Victims of fiction
The punch statistics from Compubox had Manny Pacquiao winning over Juan Manuel Marquez, thus validating the majority decision the Filipino boxer eked out over the Mexican. So why do fight fans the world over to this day continue to doubt the outcome.
I do not wish to blow my own horn, but on the Friday before the fight, I actually wrote in this space (To The Quick, The Freeman, 11 November 2011) about my disdain for those mediamen, many of whom were Filipinos, who never seemed to give Marquez a fighting chance at winning.
The way the fight was projected, it was as if Marquez had no hands and was expected to just stand there and get beaten to a pulp. I wrote then that this biased reporting was deluding people into expecting a devastating victory for Pacquiao even before he set foot in the ring.
Let me cite an example. Veteran journalist and sports analyst Ronnie Nathanielz, whom Karen Davila interviewed on ABS-CBN on the eve of the fight, said that while he did not foresee a knockout, he nevertheless expected the referee to stop the fight in the 5th or 6th round.
In the appreciation of Nathanielz, Marquez will become such a pathetic punching bag that the referee will have no choice but to stop the fight and award the match to Pacquiao. You know what happened after the fight? Nathanielz decided to sing a different tune just like that.
But there were dozens of other Nathanielzes out there, all crowing about Pacquiao before the fight, all of them refusing to eat crow afterward, thus leaving the public they deceived with no emotional crutch to at least catch their breath and find out what happened.
All of those who glowingly paid their hosannahs to Pacquiao have suddenly found a brand new preoccupation, which is to flog the Filipino champion. The hero has now become the favorite whipping boy, though no fault of his own.
I myself was greatly disappointed in the outcome of the fight. I too wanted Pacquiao to knock Marquez out. But my reasons were different. I wanted Pacquiao to knock Marquez out because I wanted the Mexican silenced, not because I thought he was a mismatched pushover.
Pacquiao is not a good boxer. He has no style. But he is gifted with one-of-a-kind power. That is why he has prevailed over boxers much better than he is. Because in boxing you get hit, no matter how great you are. And when you get hit by Pacquiao, you end up on queer street.
Marquez, on the other hand, is very technical. More than being a great counterpuncher, he has a method for style. His punches are deliberate. He never flails about like Pacquiao. When he lets go of a punch, it follows a certain direction and seldom misses. He is very accurate.

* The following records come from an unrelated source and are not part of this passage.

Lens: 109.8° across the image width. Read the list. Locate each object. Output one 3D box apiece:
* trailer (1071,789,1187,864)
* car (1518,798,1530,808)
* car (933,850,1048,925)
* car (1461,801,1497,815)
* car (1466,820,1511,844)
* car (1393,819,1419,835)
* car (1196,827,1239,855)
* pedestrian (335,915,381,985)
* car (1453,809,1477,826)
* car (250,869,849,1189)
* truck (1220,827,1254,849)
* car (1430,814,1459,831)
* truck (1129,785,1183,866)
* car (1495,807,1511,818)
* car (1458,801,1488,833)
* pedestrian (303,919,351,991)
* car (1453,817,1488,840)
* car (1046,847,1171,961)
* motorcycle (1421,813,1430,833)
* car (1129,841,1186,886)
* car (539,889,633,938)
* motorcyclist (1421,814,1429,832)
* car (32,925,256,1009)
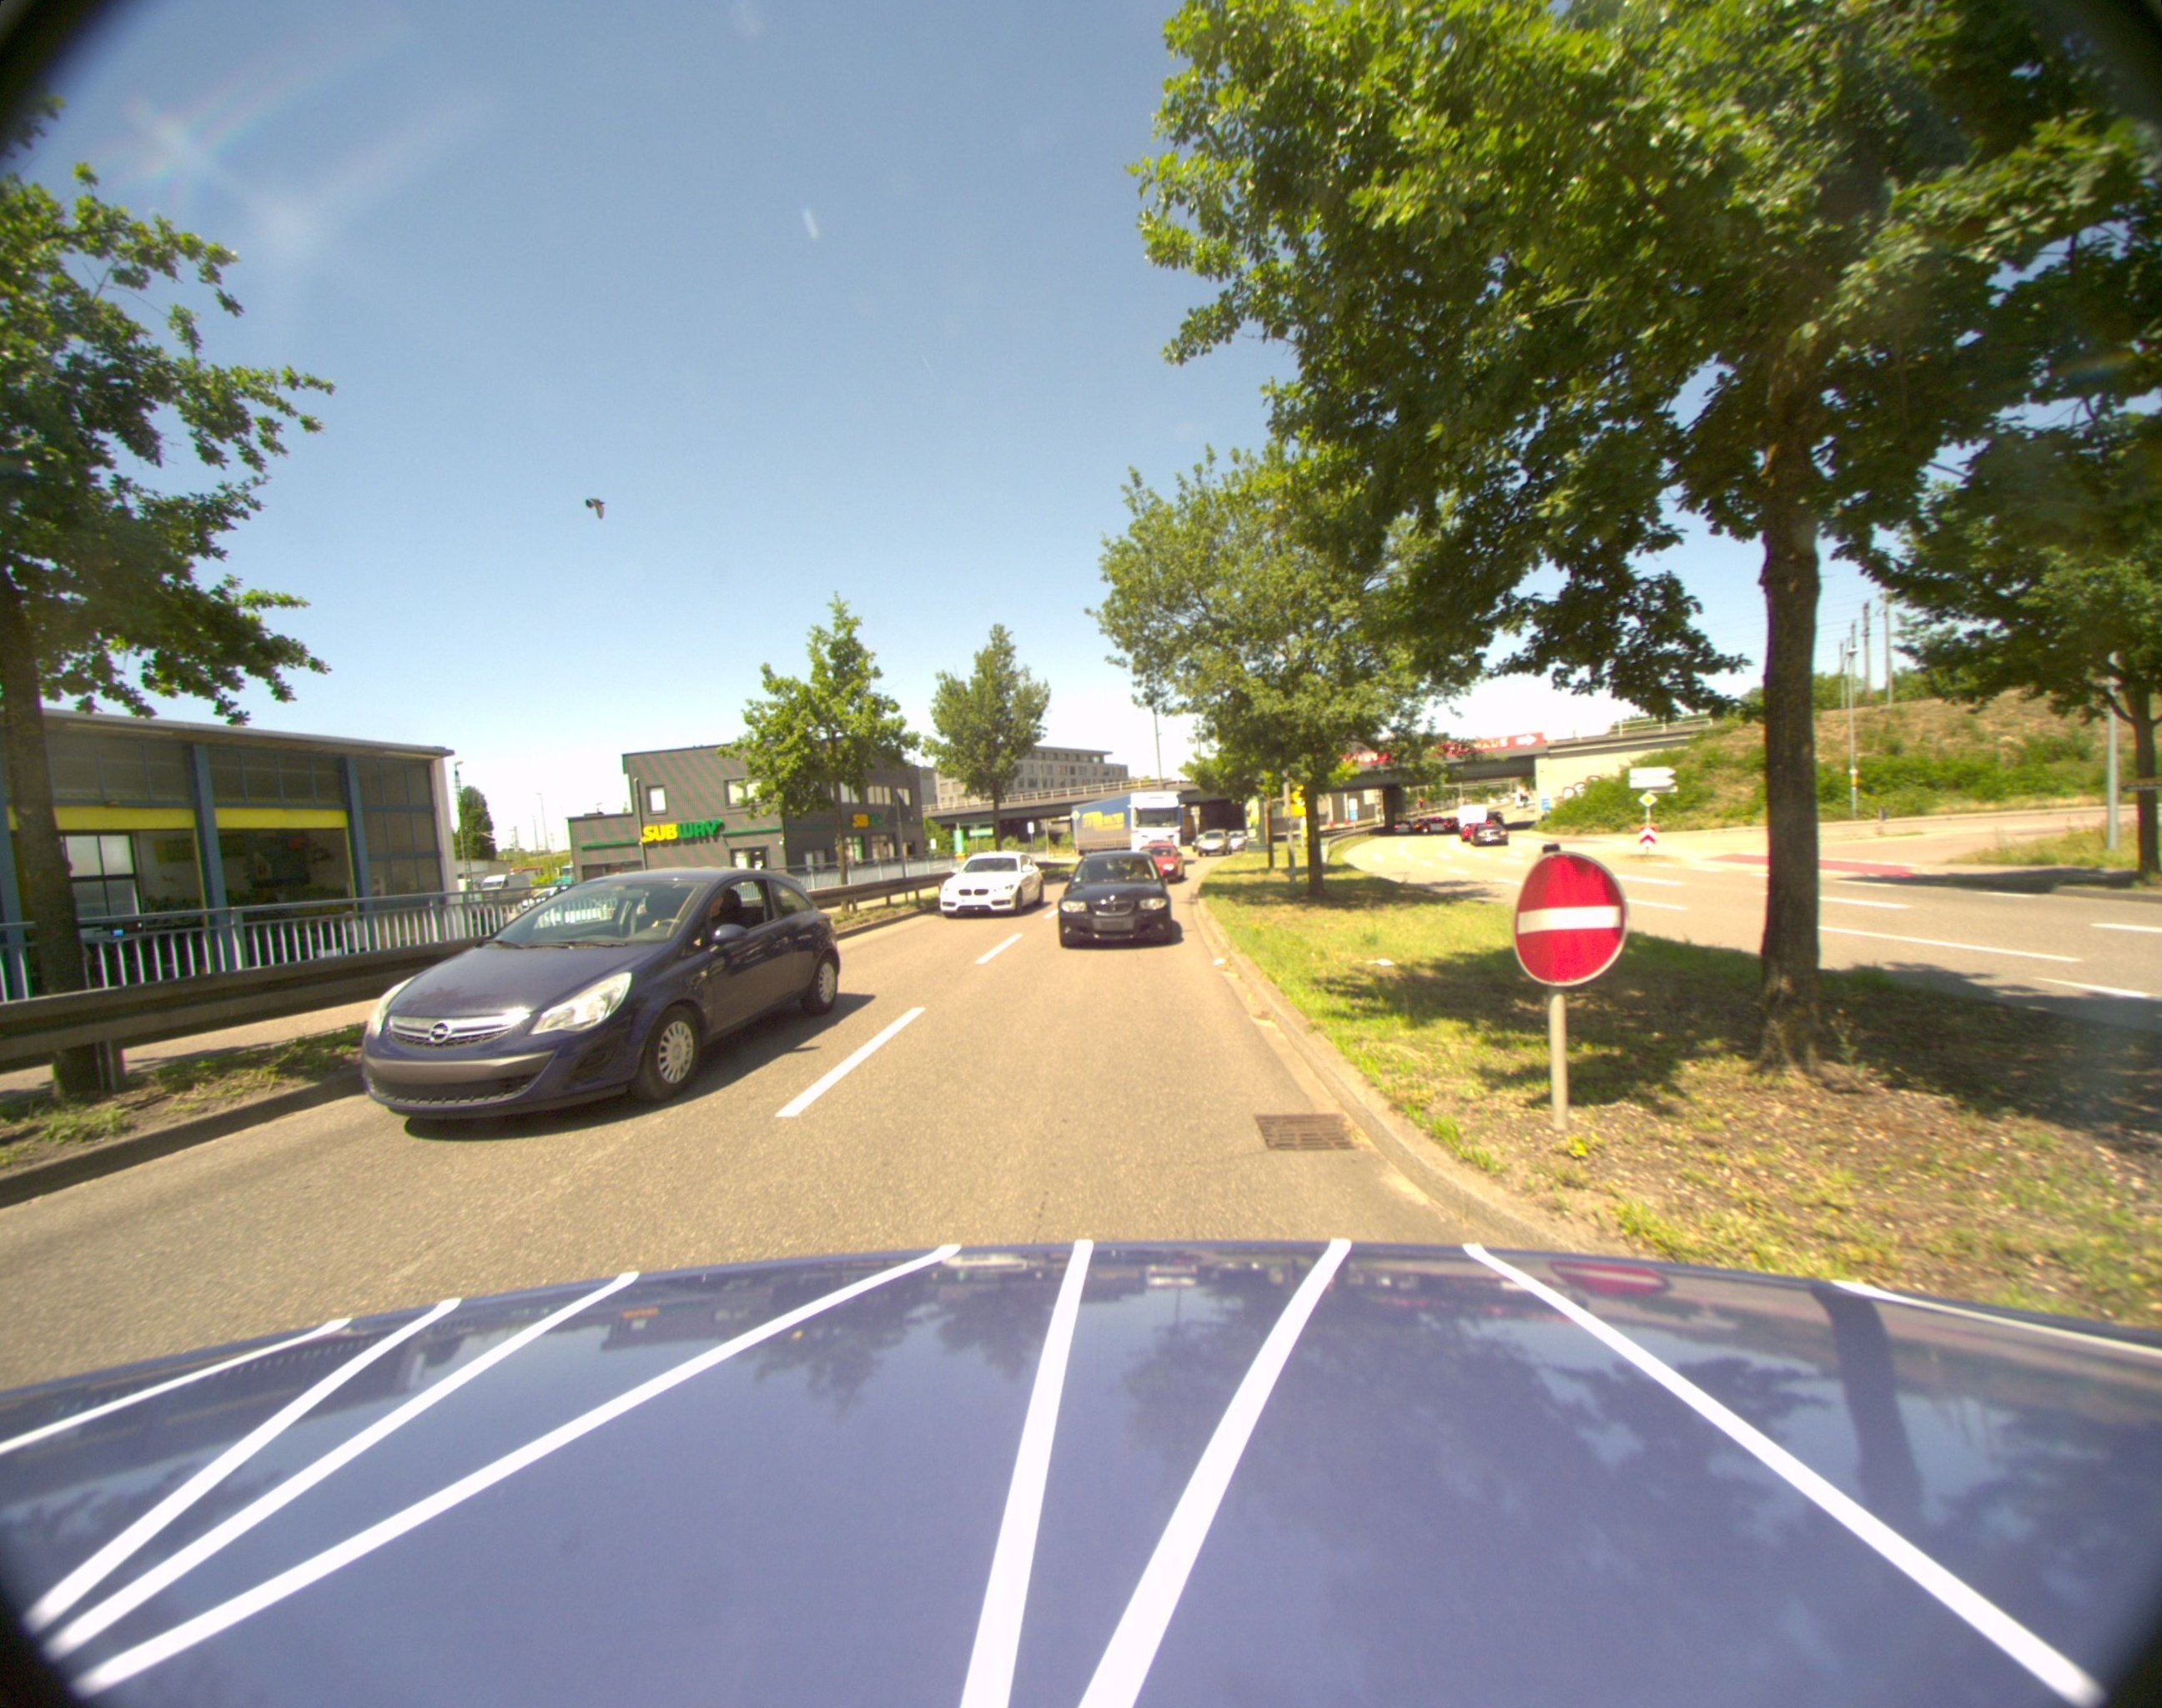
[{"bbox_3d":[2.658,-1.608,49.318,2.501,4.067,13.883,-5,2,-17],"label":"trailer"},{"bbox_3d":[96.733,-11.159,165.932,1.995,2.091,6.393,-2,3,33],"label":"car"},{"bbox_3d":[-2.049,0.719,18.393,1.761,1.435,4.053,-1,2,8],"label":"car"},{"bbox_3d":[57.794,-6.688,110.439,4.311,1.849,1.874,-3,3,20],"label":"car"},{"bbox_3d":[25.659,-1.413,47.987,1.811,1.326,4.573,-3,2,20],"label":"car"},{"bbox_3d":[32.367,-2.715,75.580,1.635,1.395,4.228,0,3,33],"label":"car"},{"bbox_3d":[9.231,-0.888,51.279,1.842,1.686,3.704,-2,3,26],"label":"car"},{"bbox_3d":[-18.600,2.465,19.551,0.427,1.693,0.589,-3,3,8],"label":"pedestrian"},{"bbox_3d":[45.816,-4.344,90.643,1.903,1.849,4.006,-2,3,36],"label":"car"},{"bbox_3d":[-3.360,0.963,5.886,1.650,1.436,3.891,-3,1,4],"label":"car"},{"bbox_3d":[11.998,-1.241,58.265,1.728,1.493,4.004,-2,2,22],"label":"truck"},{"bbox_3d":[34.653,-3.009,72.363,1.635,1.558,4.079,-1,2,37],"label":"car"},{"bbox_3d":[4.079,-1.610,42.417,2.573,4.079,5.761,-3,2,3],"label":"truck"},{"bbox_3d":[50.335,-4.938,90.612,1.183,1.241,2.696,-1,3,39],"label":"car"},{"bbox_3d":[33.106,-3.097,64.258,2.096,2.486,5.818,-1,1,26],"label":"car"},{"bbox_3d":[-18.553,2.474,18.704,0.522,1.693,0.488,-3,3,9],"label":"pedestrian"},{"bbox_3d":[28.361,-1.887,55.434,1.832,1.429,4.531,-2,2,22],"label":"car"},{"bbox_3d":[0.617,0.693,12.733,1.681,1.409,4.056,-3,2,7],"label":"car"},{"bbox_3d":[31.511,-2.852,69.506,0.598,1.669,2.428,-2,3,28],"label":"motorcycle"},{"bbox_3d":[2.860,0.309,27.622,1.645,1.391,4.054,-1,2,12],"label":"car"},{"bbox_3d":[-18.222,2.104,27.857,2.003,1.350,5.068,-5,3,-42],"label":"car"},{"bbox_3d":[31.476,-2.810,69.452,0.587,1.617,0.563,-2,3,29],"label":"motorcyclist"},{"bbox_3d":[-23.638,2.823,19.249,3.676,1.675,1.650,-3,2,4],"label":"car"}]

If there is one person who knows this, it is Pacquiao. It is Pacquiao who has been in the ring with Marquez, not Bob Arum, not Freddie Roach, not the millions of fans, and certainly not the mediamen.
If Pacquiao decided to train harder for his third fight with Marquez, going 10 weeks instead of his usual six to eight, it must have been for a reason. And that should have been the dead giveaway. Yet, incredibly, nobody gave Marquez a spitting chance.
So all of us are left holding an empty bag. Some may say a disputed victory is a victory nevertheless. True. But that comes in part only because we are Filipino. Reviewing the fight does not help any, not even when armed with the Compubox stats.
And yet none of this is the fault of Pacquiao, at least based on what we know. It is the fault of those who not only wrote the story before it happened but started telling it ahead of its time. Worse, people started believing in happily ever after before the once upon a time.